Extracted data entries
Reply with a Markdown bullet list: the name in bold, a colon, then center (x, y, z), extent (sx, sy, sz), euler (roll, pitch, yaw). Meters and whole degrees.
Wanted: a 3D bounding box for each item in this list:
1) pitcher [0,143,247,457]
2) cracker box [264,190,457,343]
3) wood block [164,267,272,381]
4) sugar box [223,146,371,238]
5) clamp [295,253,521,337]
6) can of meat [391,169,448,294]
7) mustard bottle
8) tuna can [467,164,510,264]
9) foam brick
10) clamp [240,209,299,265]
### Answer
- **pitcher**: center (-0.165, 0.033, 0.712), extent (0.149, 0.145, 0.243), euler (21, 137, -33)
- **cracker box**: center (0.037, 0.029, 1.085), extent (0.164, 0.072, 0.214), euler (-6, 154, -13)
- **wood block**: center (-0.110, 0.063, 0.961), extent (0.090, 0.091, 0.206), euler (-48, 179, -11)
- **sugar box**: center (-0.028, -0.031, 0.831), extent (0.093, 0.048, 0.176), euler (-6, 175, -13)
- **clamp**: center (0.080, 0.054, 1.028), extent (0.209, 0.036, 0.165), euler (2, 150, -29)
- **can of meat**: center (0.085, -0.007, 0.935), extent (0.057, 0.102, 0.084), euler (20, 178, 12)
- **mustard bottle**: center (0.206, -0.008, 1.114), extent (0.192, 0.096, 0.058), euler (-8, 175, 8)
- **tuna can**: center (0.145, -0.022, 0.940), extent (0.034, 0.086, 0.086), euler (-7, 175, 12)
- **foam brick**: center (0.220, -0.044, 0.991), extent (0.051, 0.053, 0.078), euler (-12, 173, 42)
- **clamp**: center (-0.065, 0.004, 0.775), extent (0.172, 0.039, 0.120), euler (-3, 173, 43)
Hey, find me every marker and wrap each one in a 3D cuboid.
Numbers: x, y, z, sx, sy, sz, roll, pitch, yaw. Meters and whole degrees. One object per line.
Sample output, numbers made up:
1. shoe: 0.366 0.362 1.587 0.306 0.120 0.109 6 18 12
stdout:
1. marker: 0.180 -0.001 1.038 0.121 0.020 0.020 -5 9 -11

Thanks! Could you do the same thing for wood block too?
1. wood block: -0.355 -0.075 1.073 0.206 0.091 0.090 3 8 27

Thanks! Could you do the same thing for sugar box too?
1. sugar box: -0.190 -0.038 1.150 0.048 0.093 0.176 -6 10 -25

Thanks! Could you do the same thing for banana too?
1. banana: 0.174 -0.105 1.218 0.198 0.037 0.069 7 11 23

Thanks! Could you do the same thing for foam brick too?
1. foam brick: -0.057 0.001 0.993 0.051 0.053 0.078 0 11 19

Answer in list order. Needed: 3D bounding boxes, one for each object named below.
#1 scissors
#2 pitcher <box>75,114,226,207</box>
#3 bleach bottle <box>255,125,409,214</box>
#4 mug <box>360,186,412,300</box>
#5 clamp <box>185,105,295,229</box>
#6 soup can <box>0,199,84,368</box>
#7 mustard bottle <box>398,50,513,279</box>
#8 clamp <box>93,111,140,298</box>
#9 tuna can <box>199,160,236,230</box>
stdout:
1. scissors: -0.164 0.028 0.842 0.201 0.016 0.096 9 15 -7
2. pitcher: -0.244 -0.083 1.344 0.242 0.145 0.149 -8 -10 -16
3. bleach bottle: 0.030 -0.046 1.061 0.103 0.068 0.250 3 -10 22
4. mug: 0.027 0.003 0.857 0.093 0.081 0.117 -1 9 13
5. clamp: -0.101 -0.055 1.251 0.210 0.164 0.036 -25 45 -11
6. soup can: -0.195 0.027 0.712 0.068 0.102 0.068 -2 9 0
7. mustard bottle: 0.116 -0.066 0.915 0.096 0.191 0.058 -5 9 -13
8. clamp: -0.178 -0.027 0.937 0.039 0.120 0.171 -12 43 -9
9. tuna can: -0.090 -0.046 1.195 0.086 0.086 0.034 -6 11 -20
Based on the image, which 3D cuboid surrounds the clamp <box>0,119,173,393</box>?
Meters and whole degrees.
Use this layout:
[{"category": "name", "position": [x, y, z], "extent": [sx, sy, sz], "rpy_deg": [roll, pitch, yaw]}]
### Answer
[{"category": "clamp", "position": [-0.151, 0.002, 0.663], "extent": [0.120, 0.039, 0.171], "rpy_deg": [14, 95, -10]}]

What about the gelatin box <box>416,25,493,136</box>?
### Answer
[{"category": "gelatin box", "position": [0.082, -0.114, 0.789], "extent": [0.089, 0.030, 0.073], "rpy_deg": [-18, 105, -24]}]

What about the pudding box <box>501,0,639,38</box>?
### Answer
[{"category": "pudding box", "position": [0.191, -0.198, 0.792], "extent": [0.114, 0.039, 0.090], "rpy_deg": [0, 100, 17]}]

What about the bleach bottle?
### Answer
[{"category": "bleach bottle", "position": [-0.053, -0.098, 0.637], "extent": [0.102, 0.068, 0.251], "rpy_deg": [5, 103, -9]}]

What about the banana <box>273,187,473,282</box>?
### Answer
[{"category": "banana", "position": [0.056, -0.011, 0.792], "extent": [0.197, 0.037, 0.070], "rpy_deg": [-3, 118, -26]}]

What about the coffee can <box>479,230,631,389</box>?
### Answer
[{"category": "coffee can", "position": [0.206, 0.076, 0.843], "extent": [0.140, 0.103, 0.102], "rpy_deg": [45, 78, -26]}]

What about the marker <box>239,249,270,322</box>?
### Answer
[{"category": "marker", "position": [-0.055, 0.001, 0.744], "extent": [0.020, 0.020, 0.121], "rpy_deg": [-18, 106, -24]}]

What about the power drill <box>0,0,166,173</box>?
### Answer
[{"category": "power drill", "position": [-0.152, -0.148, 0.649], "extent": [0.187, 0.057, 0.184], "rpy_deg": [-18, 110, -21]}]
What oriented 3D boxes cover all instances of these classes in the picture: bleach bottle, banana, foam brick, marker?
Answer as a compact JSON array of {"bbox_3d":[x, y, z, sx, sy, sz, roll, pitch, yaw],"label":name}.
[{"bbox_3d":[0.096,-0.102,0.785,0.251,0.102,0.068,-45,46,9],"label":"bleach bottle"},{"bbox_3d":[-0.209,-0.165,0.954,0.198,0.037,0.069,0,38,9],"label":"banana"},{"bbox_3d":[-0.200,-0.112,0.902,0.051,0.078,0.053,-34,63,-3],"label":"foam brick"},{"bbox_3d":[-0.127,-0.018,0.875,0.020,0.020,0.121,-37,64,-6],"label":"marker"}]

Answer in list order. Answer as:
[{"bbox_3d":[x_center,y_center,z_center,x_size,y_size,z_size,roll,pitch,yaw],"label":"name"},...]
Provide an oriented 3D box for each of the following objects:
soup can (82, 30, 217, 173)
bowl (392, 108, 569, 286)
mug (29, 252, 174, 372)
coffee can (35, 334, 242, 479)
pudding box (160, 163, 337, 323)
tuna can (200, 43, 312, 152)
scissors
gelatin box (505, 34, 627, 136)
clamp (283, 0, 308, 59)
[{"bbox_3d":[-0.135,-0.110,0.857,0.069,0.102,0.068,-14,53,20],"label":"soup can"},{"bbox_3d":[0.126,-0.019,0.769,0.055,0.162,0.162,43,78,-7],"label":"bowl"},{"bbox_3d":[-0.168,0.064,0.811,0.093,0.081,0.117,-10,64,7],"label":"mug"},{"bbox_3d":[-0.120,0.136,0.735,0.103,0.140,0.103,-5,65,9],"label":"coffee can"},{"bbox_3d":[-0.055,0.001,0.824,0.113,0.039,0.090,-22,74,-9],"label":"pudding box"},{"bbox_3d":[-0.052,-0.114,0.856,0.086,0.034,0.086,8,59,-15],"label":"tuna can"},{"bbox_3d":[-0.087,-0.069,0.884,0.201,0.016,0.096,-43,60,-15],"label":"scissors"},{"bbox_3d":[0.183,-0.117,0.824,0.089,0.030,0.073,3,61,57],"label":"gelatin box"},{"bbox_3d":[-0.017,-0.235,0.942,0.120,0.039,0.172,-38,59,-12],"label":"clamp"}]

**Task requirements:**
Take the lines above from the first through the one containing "4) sugar box [223,146,371,238]" and reproduce them exactly; include nothing else.

**Exercise result:**
Reply with a Markdown bullet list: the name in bold, a colon, then center (x, y, z), extent (sx, sy, sz), euler (roll, pitch, yaw). Meters and whole degrees.
Wanted: a 3D bounding box for each item in this list:
1) pitcher [0,143,247,457]
2) cracker box [264,190,457,343]
3) wood block [164,267,272,381]
4) sugar box [223,146,371,238]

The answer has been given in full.